I hope she enjoys her body, however it shapes itself!


----------



## staplez06 (Apr 20, 2011)

That makes sense. Is there any way to tell what a girl will look like when she gains another 100-200 lbs? I probably sound quite unintelligent asking a question that will probably be answered with "she'll look like she does now but bigger" but I still figured I'd ask anyways...


----------



## Tad (Apr 20, 2011)

staplez06 said:


> That makes sense. Is there any way to tell what a girl will look like when she gains another 100-200 lbs? I probably sound quite unintelligent asking a question that will probably be answered with "she'll look like she does now but bigger" but I still figured I'd ask anyways...



I'd say your best bet is the use of lots of imagination....may not be accurate, but at least it is fun


----------



## ClickFa (Apr 20, 2011)

All genetics.

The 'membrane' someone talked about is the abdominal wall... a layer of connective tissue and all the muscles which line the outside of it. You can gain fat on the inside, on the outside, or both... and the fat itself can be firmer or softer.

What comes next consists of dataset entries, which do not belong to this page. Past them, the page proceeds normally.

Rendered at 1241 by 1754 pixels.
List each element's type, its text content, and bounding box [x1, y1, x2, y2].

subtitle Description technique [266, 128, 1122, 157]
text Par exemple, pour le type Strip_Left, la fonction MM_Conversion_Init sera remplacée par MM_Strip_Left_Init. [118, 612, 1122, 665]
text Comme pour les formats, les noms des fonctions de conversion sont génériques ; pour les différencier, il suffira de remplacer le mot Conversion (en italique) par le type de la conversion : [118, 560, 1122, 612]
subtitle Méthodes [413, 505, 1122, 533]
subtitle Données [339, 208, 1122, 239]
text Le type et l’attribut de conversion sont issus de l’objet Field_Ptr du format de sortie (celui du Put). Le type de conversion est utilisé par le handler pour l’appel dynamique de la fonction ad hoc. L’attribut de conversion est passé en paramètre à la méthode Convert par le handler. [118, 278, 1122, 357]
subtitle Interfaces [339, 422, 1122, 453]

Gain a lot of fat inside the abdominal cavity and you get a hard, round beer gut; the fat isn't hard, but the abdominal wall is stretched tight and firm. Gain a a lot of fat on the outside and you have soft, jiggly rolls and folds. Gain enough and you've got a belly apron. Gain both places you get a combination of the two... maybe a firmer upper belly with jiggly apron hanging below.

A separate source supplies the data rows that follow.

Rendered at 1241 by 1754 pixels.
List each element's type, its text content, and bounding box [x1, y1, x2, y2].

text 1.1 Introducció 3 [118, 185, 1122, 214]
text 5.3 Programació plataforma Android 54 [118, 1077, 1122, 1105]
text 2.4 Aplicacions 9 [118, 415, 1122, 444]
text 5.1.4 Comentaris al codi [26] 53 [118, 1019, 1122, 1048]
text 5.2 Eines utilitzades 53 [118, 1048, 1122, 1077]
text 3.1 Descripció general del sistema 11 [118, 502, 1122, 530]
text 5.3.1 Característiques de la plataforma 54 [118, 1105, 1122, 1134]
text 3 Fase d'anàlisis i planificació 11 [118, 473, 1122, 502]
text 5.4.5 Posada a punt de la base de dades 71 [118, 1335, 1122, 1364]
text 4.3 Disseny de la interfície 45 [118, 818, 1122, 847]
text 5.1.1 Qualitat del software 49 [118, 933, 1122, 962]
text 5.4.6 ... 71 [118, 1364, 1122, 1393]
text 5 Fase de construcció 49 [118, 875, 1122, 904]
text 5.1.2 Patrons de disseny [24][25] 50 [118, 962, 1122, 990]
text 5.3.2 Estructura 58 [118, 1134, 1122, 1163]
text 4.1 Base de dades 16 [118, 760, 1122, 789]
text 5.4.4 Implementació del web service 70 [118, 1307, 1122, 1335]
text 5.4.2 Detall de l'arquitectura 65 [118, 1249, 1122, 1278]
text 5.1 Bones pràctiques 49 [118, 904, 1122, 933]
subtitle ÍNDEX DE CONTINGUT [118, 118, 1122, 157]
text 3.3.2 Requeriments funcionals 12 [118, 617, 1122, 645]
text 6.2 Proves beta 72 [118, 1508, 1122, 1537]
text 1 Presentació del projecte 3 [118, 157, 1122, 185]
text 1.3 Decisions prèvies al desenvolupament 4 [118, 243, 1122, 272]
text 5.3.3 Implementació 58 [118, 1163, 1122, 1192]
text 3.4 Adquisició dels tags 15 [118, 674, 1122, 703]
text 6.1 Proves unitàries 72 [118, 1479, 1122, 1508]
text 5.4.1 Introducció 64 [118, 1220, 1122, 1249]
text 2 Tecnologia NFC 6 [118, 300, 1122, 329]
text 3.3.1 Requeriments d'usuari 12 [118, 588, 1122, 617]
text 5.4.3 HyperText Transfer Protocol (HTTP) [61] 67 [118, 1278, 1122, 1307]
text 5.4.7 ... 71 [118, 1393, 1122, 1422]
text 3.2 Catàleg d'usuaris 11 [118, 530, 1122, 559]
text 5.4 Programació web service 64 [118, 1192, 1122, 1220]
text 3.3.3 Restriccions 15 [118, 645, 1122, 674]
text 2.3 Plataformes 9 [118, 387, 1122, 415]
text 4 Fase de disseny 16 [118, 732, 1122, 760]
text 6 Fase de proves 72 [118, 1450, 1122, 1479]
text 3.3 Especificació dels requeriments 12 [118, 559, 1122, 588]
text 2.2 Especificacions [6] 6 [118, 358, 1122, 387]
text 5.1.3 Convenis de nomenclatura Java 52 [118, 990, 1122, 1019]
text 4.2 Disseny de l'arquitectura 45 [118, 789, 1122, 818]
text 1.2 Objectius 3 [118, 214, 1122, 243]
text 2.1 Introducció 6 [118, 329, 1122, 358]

A lot of men gain inside, so they end up with beer bellies.

ClickFA


----------



## LifeTraveller (Apr 20, 2011)

I'd have to say the looks the same, just bigger is really accurate. In some instances weight will go to specific areas. .My wife, over the course of many, many years grew from 170, to over 520 pounds, she accumulated extra in her butt, upper arms, and legs. . She also had an amazingly large "single" belly. . to say it was awesome, would be an understatement. . Yet things sometimes have to change. . for health reasons mostly. . But the memories of what once were, are often indelibly etched in our minds. . She's beautiful and any size, and we both want her to stick around a while. .


----------



## staplez06 (Apr 20, 2011)

ClickFa said:


> Gain a lot of fat inside the abdominal cavity and you get a hard, round beer gut; the fat isn't hard, but the abdominal wall is stretched tight and firm. Gain a a lot of fat on the outside and you have soft, jiggly rolls and folds. Gain enough and you've got a belly apron. Gain both places you get a combination of the two... maybe a firmer upper belly with jiggly apron hanging below.



Does it depend on how fast the weight is gained? Or is that part strictly genetics as well?


----------



## Gordo Mejor (Apr 22, 2011)

I don't think it's all genetic. A lot of it is. Whether you gain on the arms, the thighs or belly, yes. But I've seen too many belt lines not to feel sure that while you may not be able to encourage gain in a specific place that you can in some cases inhibit it. I think that tight clothes have a definite effect on how fat deposits.


----------



## Gordo Mejor (Apr 22, 2011)

staplez06 said:


> So for all of you feedees out there, my girlfriend is steadily gaining weight, and we both love it. Is a person destined for a certain body type, or does it depend on the type of clothes she wears? She has a beautiful belly that doesn't want to stop, but it's the Candy Godiva style, and she wants a double belly. She's convinced that if she starts wearing her jeans higher, that her belly will grow around it. Is this true? Does anyone know from experience?



From my experience, constraining a part of her belly, combined with weight gain may enhance her efforts for a double belly. I'm not sure that jeans alone will do it. What you need is consistent pressure when the body is adding fat during the day or night. In effect, you make some areas easier for fat deposit, and some more difficult. 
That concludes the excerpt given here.